Problem details
A word-for-word copy of the entries is the goal; leave out the pictures.

# # #

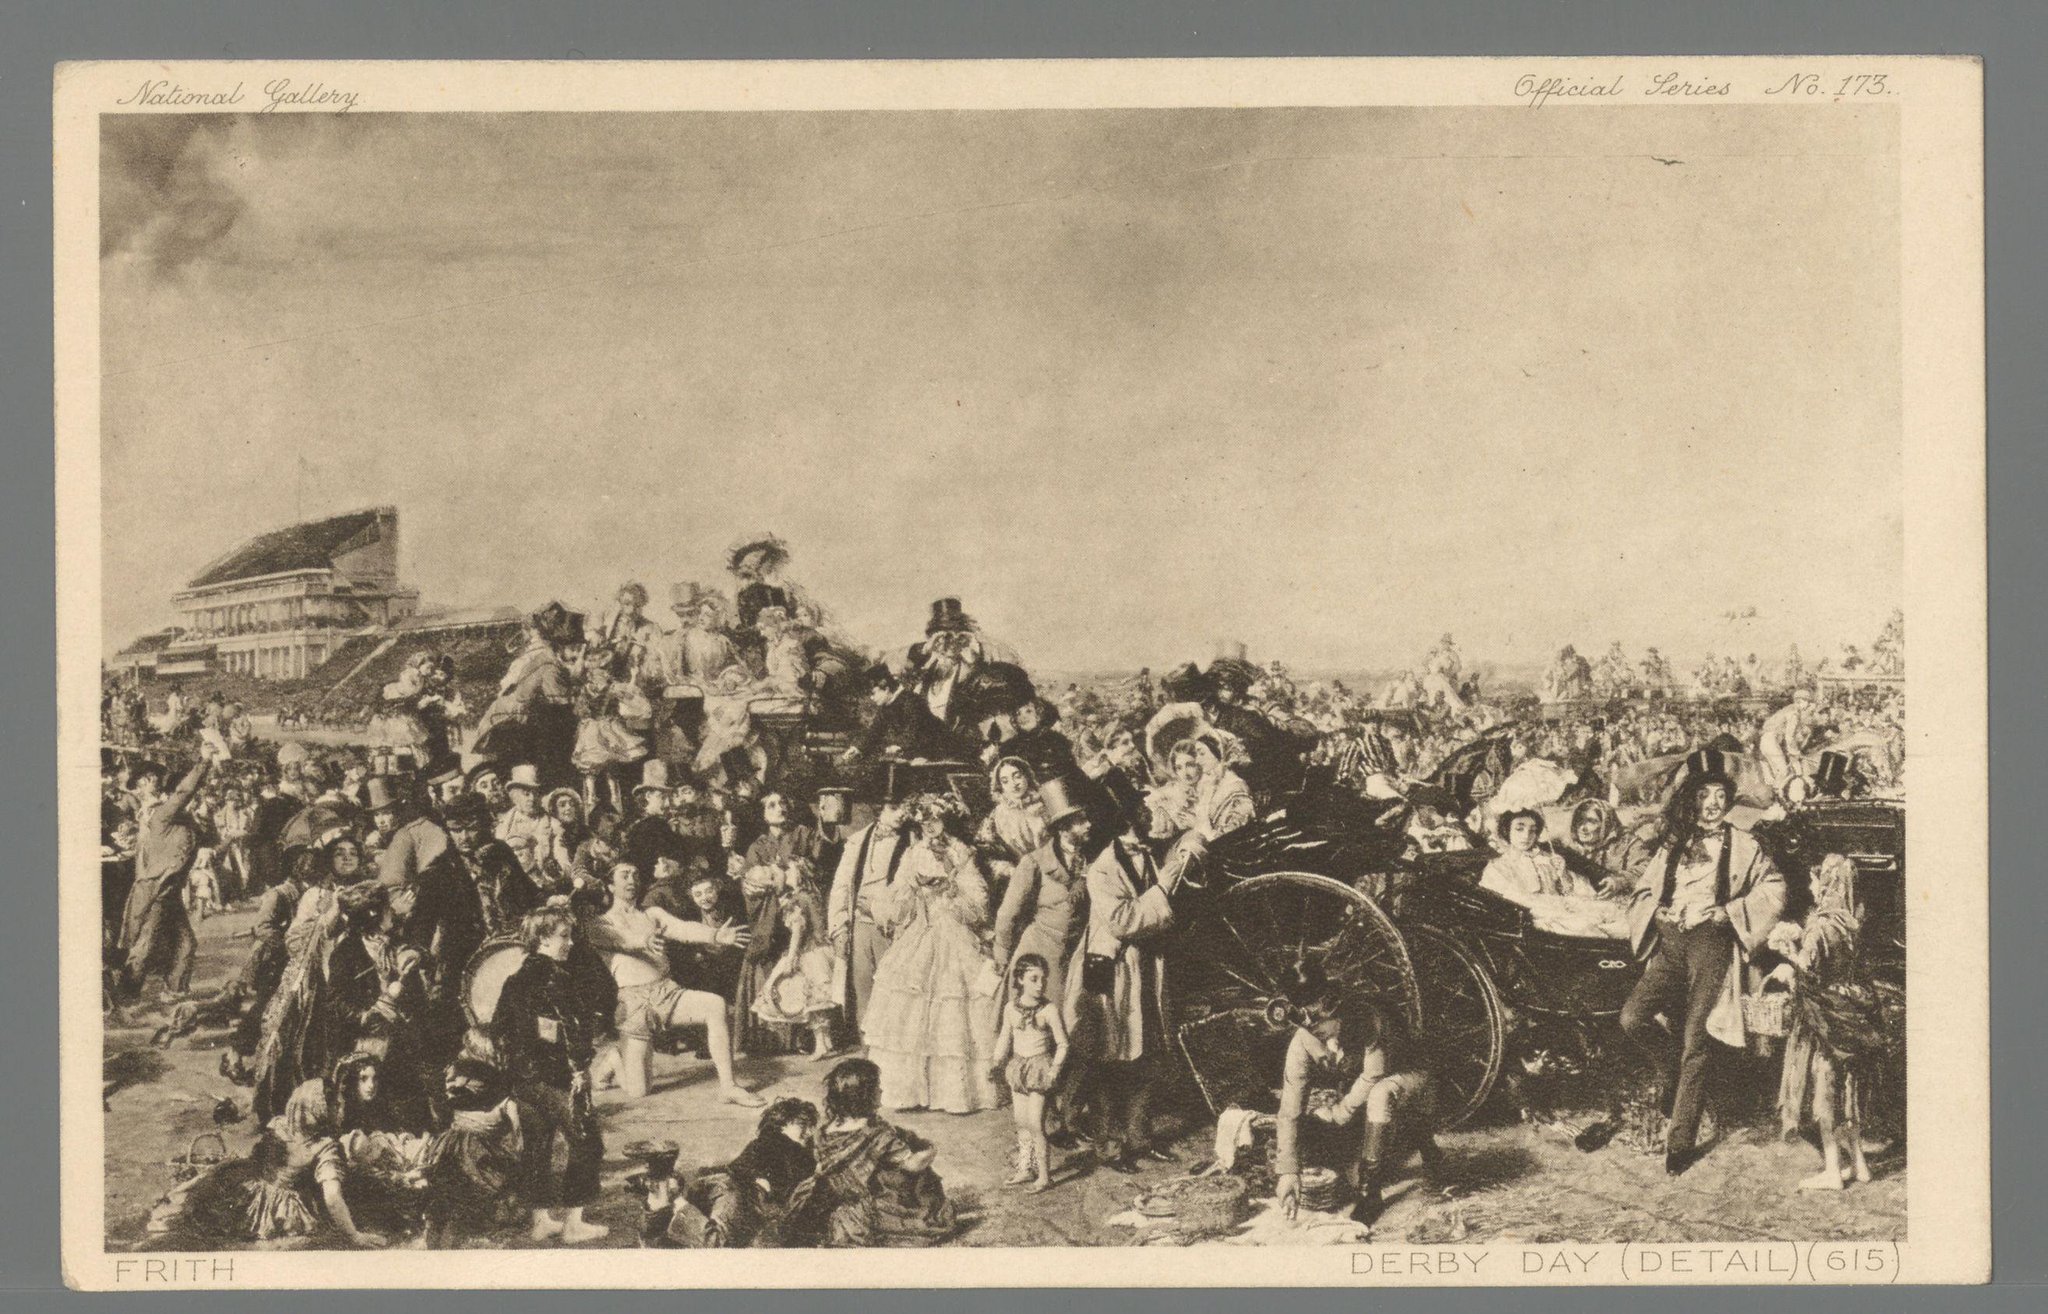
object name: photomechanical print
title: National Gallery. Official Series
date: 1915-1930
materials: cardboard
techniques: rotogravure
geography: watford
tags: picture, painting, london
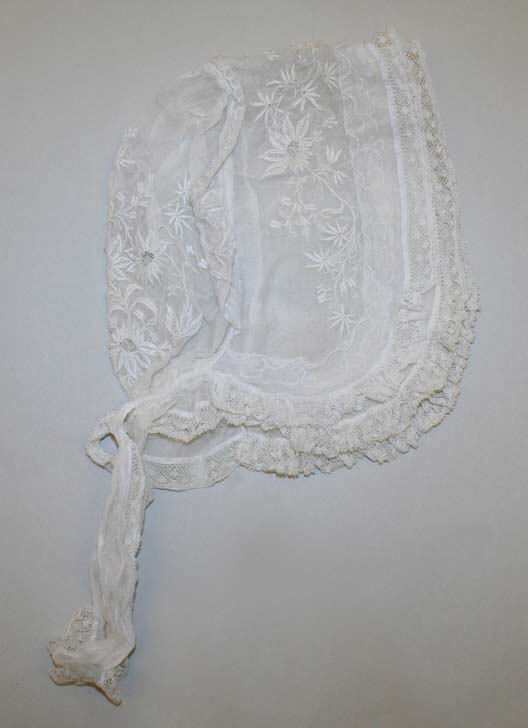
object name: bonnet
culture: american or european
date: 1801-1833
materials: cotton
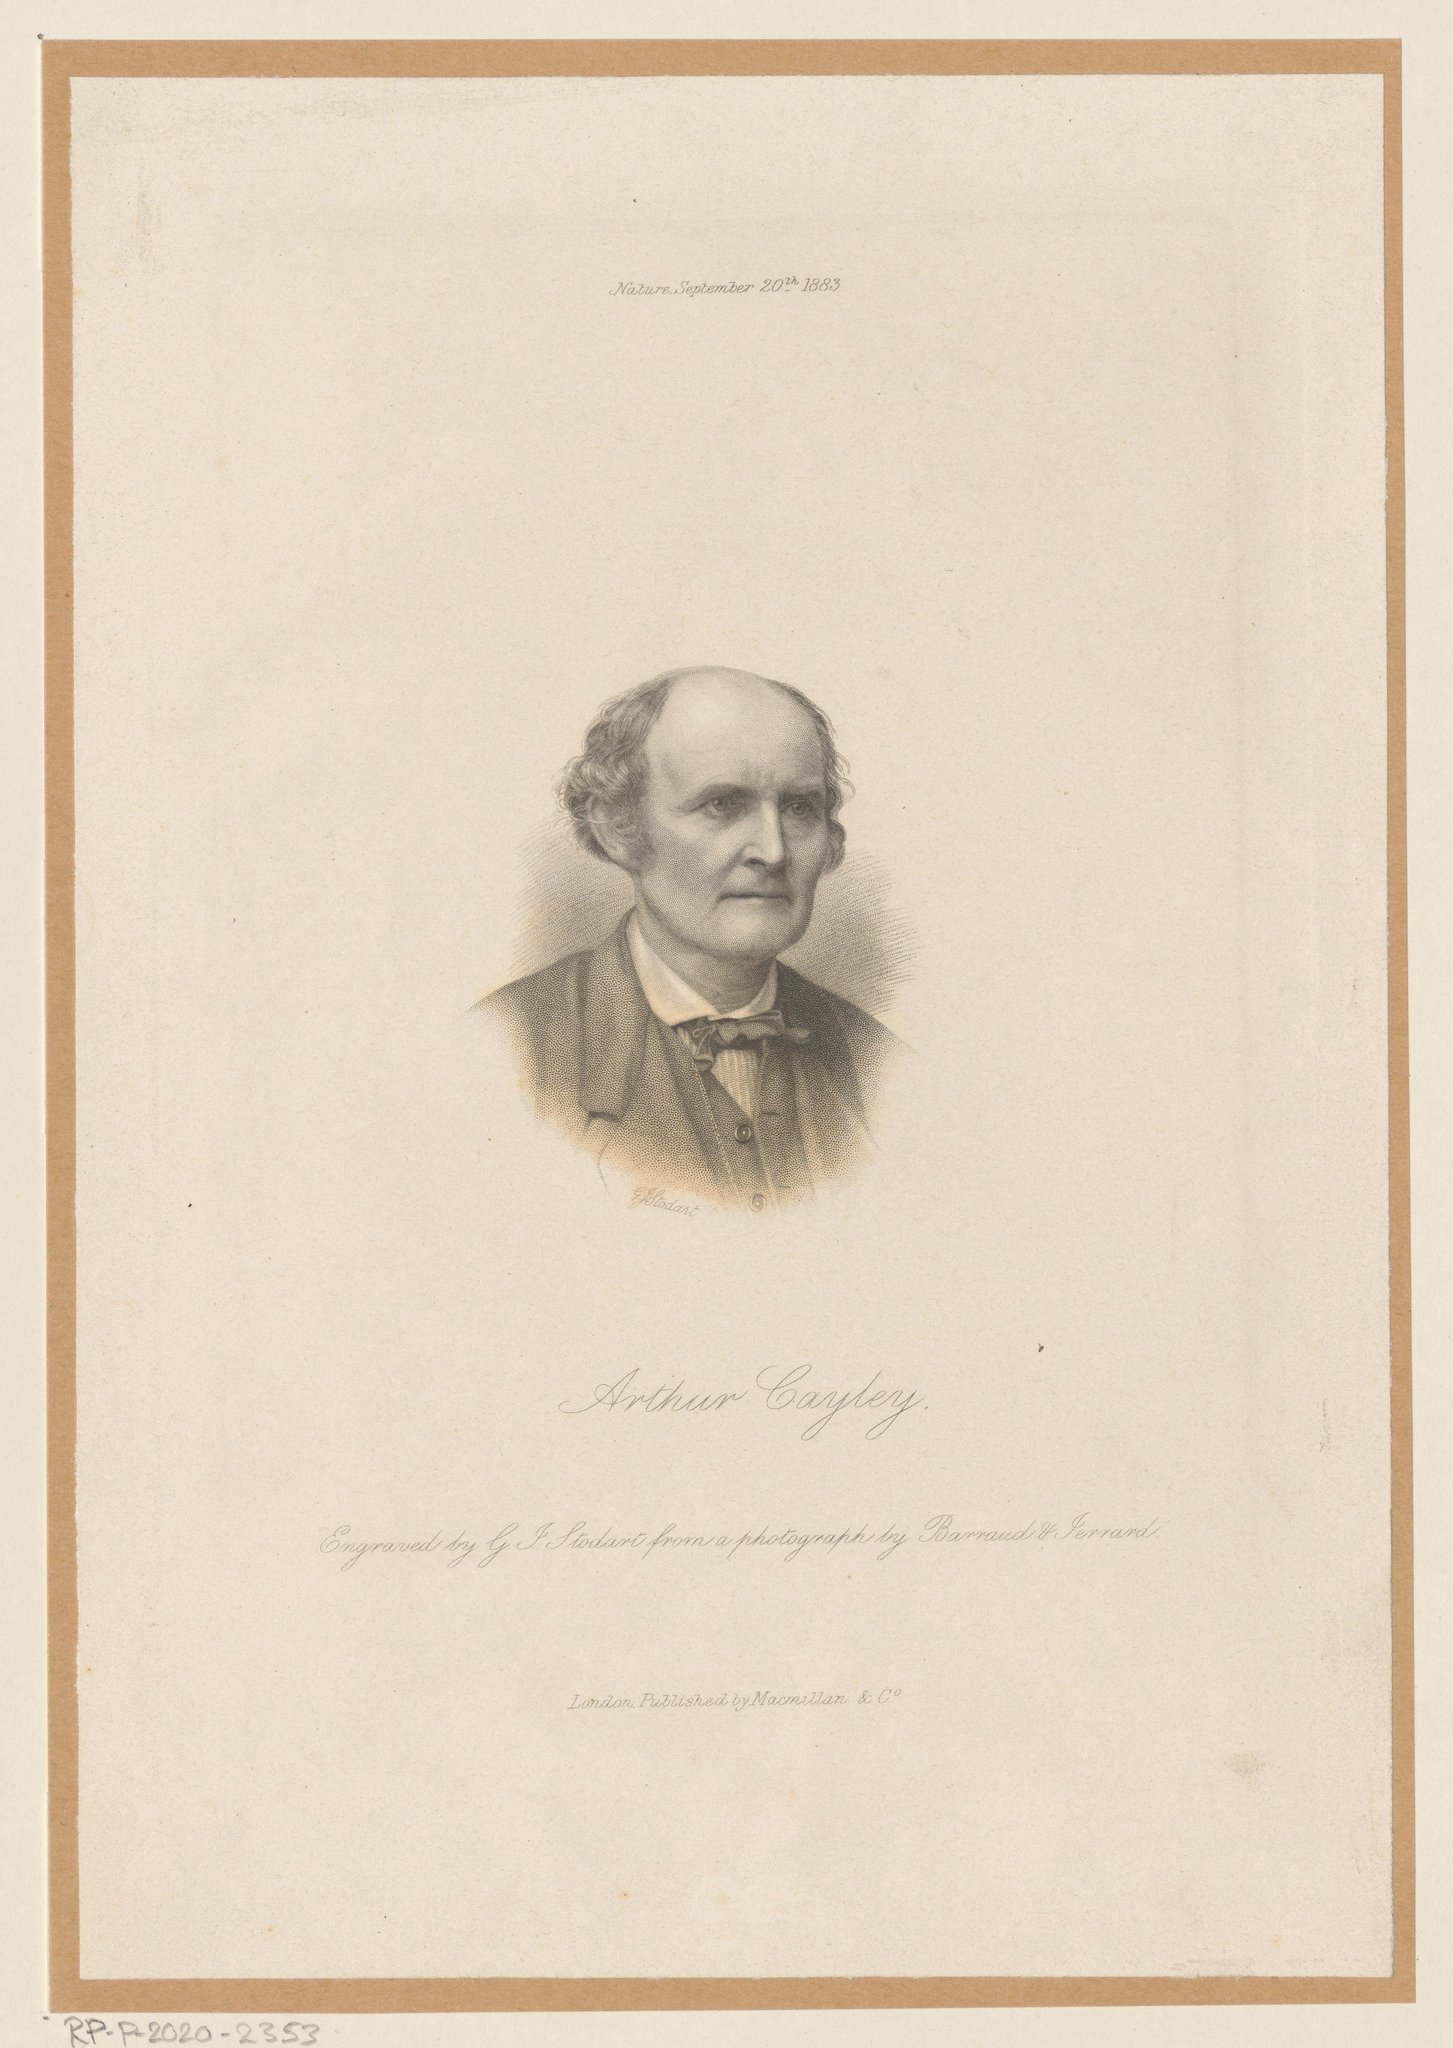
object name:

# # #

Reply to the exercise
object name: photomechanical print
title: National Gallery. Official Series
date: 1915-1930
materials: cardboard
techniques: rotogravure
geography: watford
tags: picture, painting, london
object name: bonnet
culture: american or european
date: 1801-1833
materials: cotton
object name:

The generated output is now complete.